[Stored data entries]
BEGIN

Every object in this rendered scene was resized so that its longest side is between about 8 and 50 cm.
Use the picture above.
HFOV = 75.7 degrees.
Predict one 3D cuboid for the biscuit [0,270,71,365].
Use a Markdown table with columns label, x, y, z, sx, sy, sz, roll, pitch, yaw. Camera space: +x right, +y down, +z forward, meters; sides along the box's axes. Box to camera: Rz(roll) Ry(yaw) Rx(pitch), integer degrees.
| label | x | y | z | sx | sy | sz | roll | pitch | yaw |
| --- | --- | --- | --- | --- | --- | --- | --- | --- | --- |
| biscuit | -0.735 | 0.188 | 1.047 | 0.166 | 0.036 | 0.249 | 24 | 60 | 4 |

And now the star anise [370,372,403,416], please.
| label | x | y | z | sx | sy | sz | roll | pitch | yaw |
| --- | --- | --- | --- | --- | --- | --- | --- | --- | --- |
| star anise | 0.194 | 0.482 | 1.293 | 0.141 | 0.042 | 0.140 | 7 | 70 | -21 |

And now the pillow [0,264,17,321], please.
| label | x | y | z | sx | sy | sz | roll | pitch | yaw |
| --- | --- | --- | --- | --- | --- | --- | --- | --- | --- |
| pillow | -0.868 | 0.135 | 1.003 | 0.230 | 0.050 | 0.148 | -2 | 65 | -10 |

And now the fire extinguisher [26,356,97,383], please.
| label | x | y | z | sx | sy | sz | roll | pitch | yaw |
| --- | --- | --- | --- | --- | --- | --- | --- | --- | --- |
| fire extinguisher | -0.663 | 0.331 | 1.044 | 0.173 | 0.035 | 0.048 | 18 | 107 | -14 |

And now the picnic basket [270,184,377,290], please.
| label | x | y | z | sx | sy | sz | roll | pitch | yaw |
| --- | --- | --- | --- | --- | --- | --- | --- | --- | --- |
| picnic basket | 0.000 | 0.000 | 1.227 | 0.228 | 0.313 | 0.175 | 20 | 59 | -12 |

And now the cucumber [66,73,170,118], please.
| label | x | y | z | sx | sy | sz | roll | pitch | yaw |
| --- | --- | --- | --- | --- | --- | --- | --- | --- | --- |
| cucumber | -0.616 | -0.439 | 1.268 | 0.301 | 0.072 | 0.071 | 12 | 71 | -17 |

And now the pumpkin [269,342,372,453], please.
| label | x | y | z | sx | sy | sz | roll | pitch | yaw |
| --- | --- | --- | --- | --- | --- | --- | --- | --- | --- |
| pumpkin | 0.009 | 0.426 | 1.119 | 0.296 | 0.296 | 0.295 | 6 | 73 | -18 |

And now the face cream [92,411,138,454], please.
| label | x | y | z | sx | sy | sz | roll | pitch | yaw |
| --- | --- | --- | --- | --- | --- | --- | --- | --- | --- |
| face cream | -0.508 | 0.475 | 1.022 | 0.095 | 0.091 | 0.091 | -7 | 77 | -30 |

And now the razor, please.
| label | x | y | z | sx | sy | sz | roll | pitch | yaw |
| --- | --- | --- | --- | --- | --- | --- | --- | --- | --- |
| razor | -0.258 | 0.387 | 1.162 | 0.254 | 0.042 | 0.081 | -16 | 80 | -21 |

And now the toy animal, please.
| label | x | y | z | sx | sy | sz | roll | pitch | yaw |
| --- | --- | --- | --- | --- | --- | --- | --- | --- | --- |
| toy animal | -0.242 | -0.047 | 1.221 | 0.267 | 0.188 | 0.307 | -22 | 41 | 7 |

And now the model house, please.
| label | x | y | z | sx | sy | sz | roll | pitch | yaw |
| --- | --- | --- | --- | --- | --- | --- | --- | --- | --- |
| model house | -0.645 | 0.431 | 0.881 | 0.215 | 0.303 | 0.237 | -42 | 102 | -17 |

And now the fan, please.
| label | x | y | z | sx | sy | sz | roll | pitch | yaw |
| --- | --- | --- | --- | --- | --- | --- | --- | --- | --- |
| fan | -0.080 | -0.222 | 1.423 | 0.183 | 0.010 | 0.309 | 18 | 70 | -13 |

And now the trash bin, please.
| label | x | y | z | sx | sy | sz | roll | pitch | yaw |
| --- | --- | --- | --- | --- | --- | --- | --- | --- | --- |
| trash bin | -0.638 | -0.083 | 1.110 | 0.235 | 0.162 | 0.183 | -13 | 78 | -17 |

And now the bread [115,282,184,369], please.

END

Transcribe the records in full, word for word.

OUTPUT OF THE EXERCISE ::
Every object in this rendered scene was resized so that its longest side is between about 8 and 50 cm.
Use the picture above.
HFOV = 75.7 degrees.
Predict one 3D cuboid for the biscuit [0,270,71,365].
Use a Markdown table with columns label, x, y, z, sx, sy, sz, roll, pitch, yaw. Camera space: +x right, +y down, +z forward, meters; sides along the box's axes. Box to camera: Rz(roll) Ry(yaw) Rx(pitch), integer degrees.
| label | x | y | z | sx | sy | sz | roll | pitch | yaw |
| --- | --- | --- | --- | --- | --- | --- | --- | --- | --- |
| biscuit | -0.735 | 0.188 | 1.047 | 0.166 | 0.036 | 0.249 | 24 | 60 | 4 |

And now the star anise [370,372,403,416], please.
| label | x | y | z | sx | sy | sz | roll | pitch | yaw |
| --- | --- | --- | --- | --- | --- | --- | --- | --- | --- |
| star anise | 0.194 | 0.482 | 1.293 | 0.141 | 0.042 | 0.140 | 7 | 70 | -21 |

And now the pillow [0,264,17,321], please.
| label | x | y | z | sx | sy | sz | roll | pitch | yaw |
| --- | --- | --- | --- | --- | --- | --- | --- | --- | --- |
| pillow | -0.868 | 0.135 | 1.003 | 0.230 | 0.050 | 0.148 | -2 | 65 | -10 |

And now the fire extinguisher [26,356,97,383], please.
| label | x | y | z | sx | sy | sz | roll | pitch | yaw |
| --- | --- | --- | --- | --- | --- | --- | --- | --- | --- |
| fire extinguisher | -0.663 | 0.331 | 1.044 | 0.173 | 0.035 | 0.048 | 18 | 107 | -14 |

And now the picnic basket [270,184,377,290], please.
| label | x | y | z | sx | sy | sz | roll | pitch | yaw |
| --- | --- | --- | --- | --- | --- | --- | --- | --- | --- |
| picnic basket | 0.000 | 0.000 | 1.227 | 0.228 | 0.313 | 0.175 | 20 | 59 | -12 |

And now the cucumber [66,73,170,118], please.
| label | x | y | z | sx | sy | sz | roll | pitch | yaw |
| --- | --- | --- | --- | --- | --- | --- | --- | --- | --- |
| cucumber | -0.616 | -0.439 | 1.268 | 0.301 | 0.072 | 0.071 | 12 | 71 | -17 |

And now the pumpkin [269,342,372,453], please.
| label | x | y | z | sx | sy | sz | roll | pitch | yaw |
| --- | --- | --- | --- | --- | --- | --- | --- | --- | --- |
| pumpkin | 0.009 | 0.426 | 1.119 | 0.296 | 0.296 | 0.295 | 6 | 73 | -18 |

And now the face cream [92,411,138,454], please.
| label | x | y | z | sx | sy | sz | roll | pitch | yaw |
| --- | --- | --- | --- | --- | --- | --- | --- | --- | --- |
| face cream | -0.508 | 0.475 | 1.022 | 0.095 | 0.091 | 0.091 | -7 | 77 | -30 |

And now the razor, please.
| label | x | y | z | sx | sy | sz | roll | pitch | yaw |
| --- | --- | --- | --- | --- | --- | --- | --- | --- | --- |
| razor | -0.258 | 0.387 | 1.162 | 0.254 | 0.042 | 0.081 | -16 | 80 | -21 |

And now the toy animal, please.
| label | x | y | z | sx | sy | sz | roll | pitch | yaw |
| --- | --- | --- | --- | --- | --- | --- | --- | --- | --- |
| toy animal | -0.242 | -0.047 | 1.221 | 0.267 | 0.188 | 0.307 | -22 | 41 | 7 |

And now the model house, please.
| label | x | y | z | sx | sy | sz | roll | pitch | yaw |
| --- | --- | --- | --- | --- | --- | --- | --- | --- | --- |
| model house | -0.645 | 0.431 | 0.881 | 0.215 | 0.303 | 0.237 | -42 | 102 | -17 |

And now the fan, please.
| label | x | y | z | sx | sy | sz | roll | pitch | yaw |
| --- | --- | --- | --- | --- | --- | --- | --- | --- | --- |
| fan | -0.080 | -0.222 | 1.423 | 0.183 | 0.010 | 0.309 | 18 | 70 | -13 |

And now the trash bin, please.
| label | x | y | z | sx | sy | sz | roll | pitch | yaw |
| --- | --- | --- | --- | --- | --- | --- | --- | --- | --- |
| trash bin | -0.638 | -0.083 | 1.110 | 0.235 | 0.162 | 0.183 | -13 | 78 | -17 |

And now the bread [115,282,184,369], please.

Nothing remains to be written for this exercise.